Социологическая концепция Мечникова вполне может быть вписана в многомерную типологизацию дореволюционной российской социологии. Разнообразные направления и традиции отечественной социологии, их парадигматика и методы могут быть точнее раскрыты на базе нескольких существенных признаков, характерных для всей палитры социальной мысли в России. По нашему мнению, таким основным критерием наряду с выделением теоретико-методологического принципа служат фундаментальные ценностные установки русских социологов и социальных мыслителей. Ядро базисных признаков данного критерия составляют: во-первых, образ (модель) общества в доктрине социолога, в которой выделены доминанта и иерархия общественного устройства; во-вторых, нацеленность на сохранение или изменение социального порядка и на определенный способ преобразования общества; в-третьих, статус личности и социальных институтов в социологической концепции.
Иначе говоря, социологическое видение возникает там и тогда, где и когда личность и общество с его институтами, точнее, их модели, соотносятся в качестве самостоятельных, альтернативных ценностей.

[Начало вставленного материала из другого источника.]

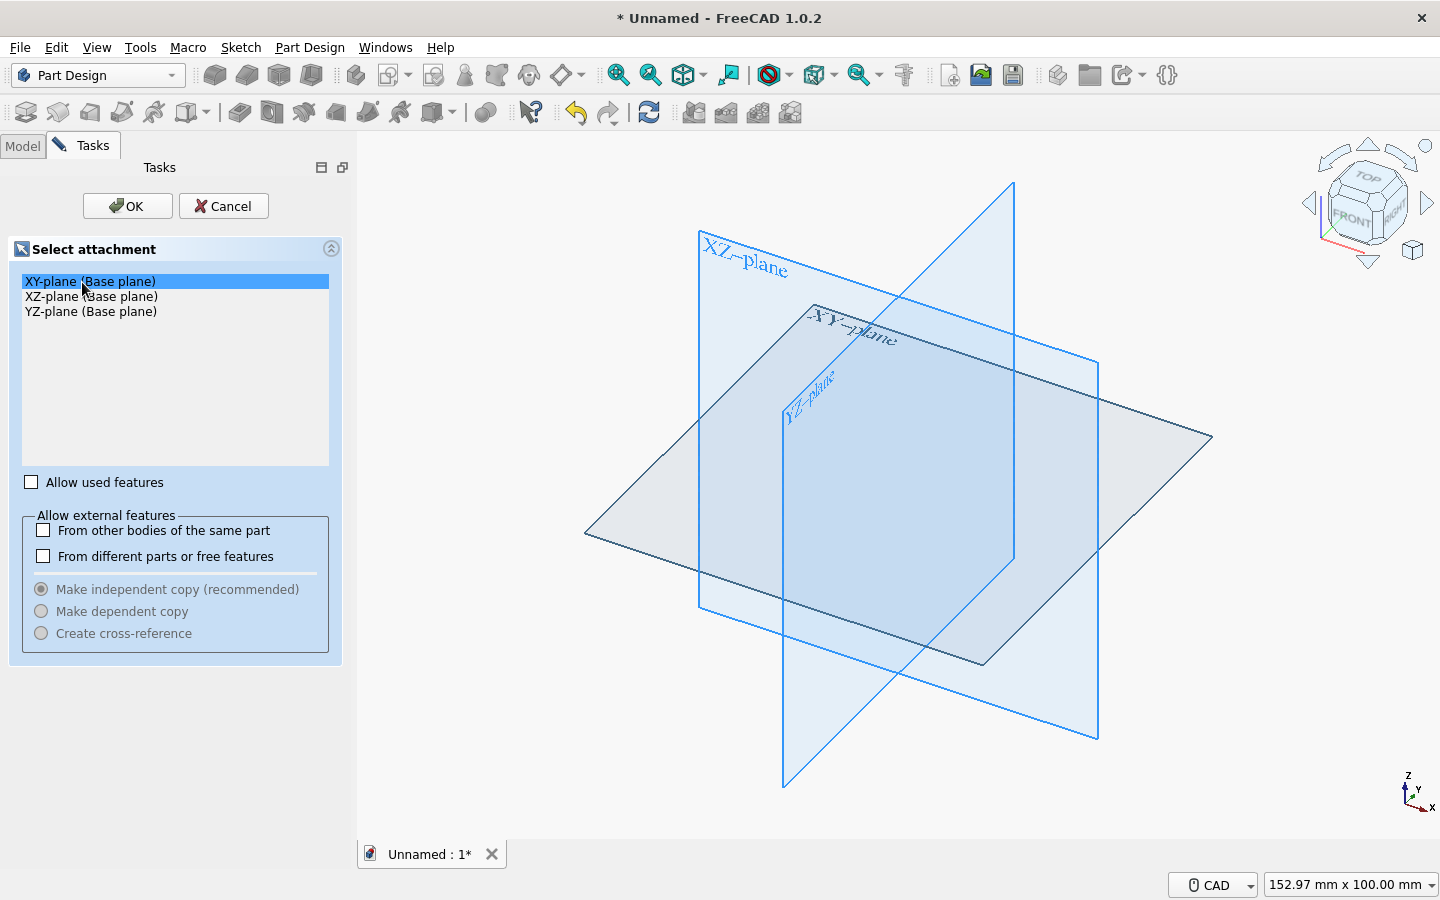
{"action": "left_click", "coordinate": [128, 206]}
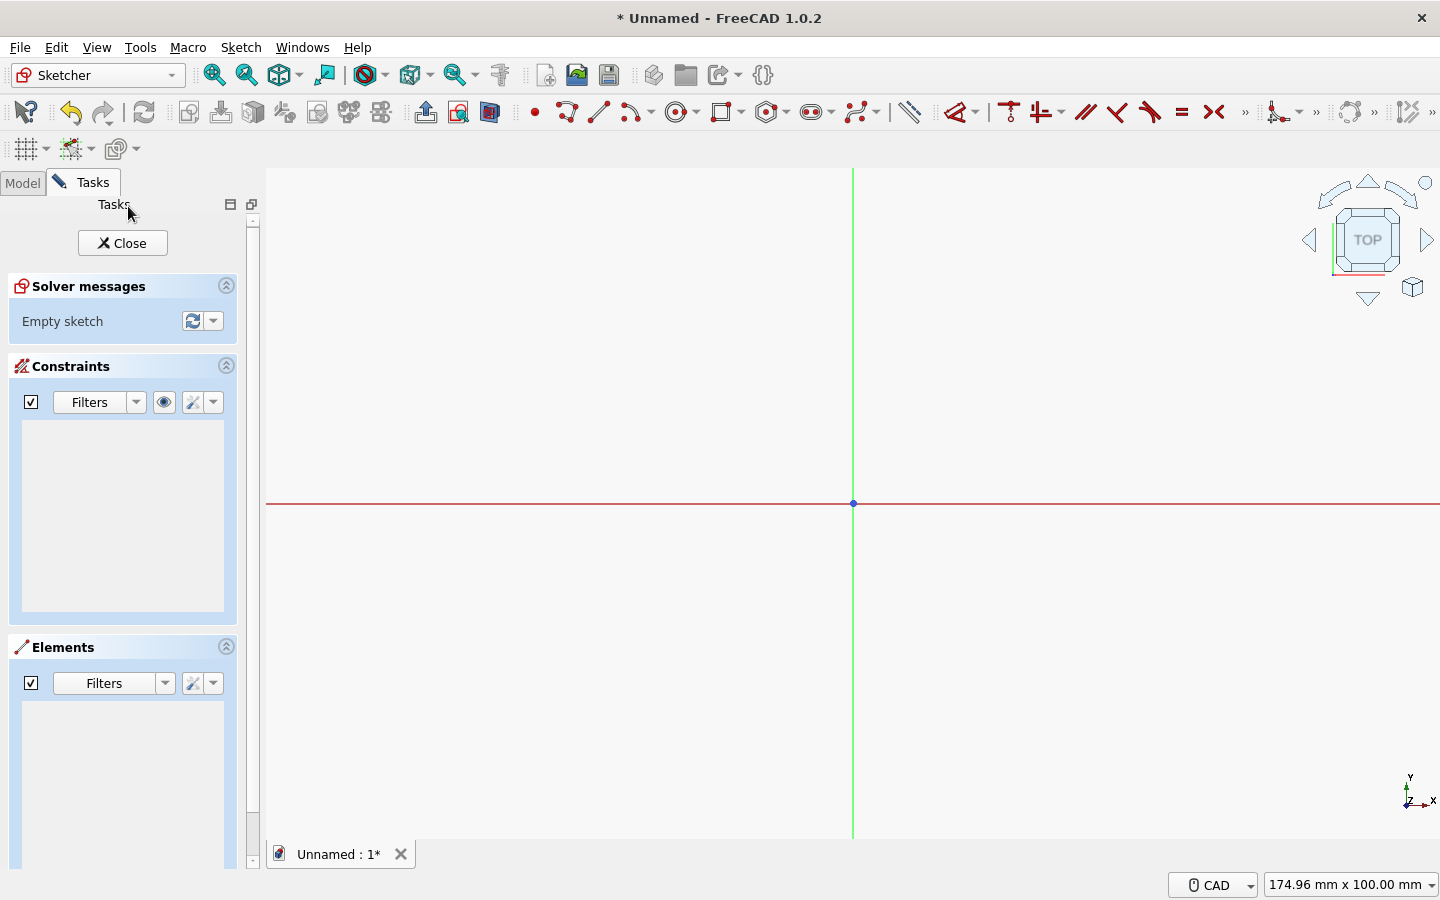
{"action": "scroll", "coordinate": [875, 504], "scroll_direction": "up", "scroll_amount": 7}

Вместе с тем парадигма социологического мышления определяется в первую очередь системой ценностей, служащих, по концепции социолога, фундаментом общества или способных быть его основами. Тот или иной набор социальных ценностей, в широком смысле слова, является источником восприятия реального общественного устройства в тогдашней России, соответственно оценки и отношения к его сохранению или переустройству.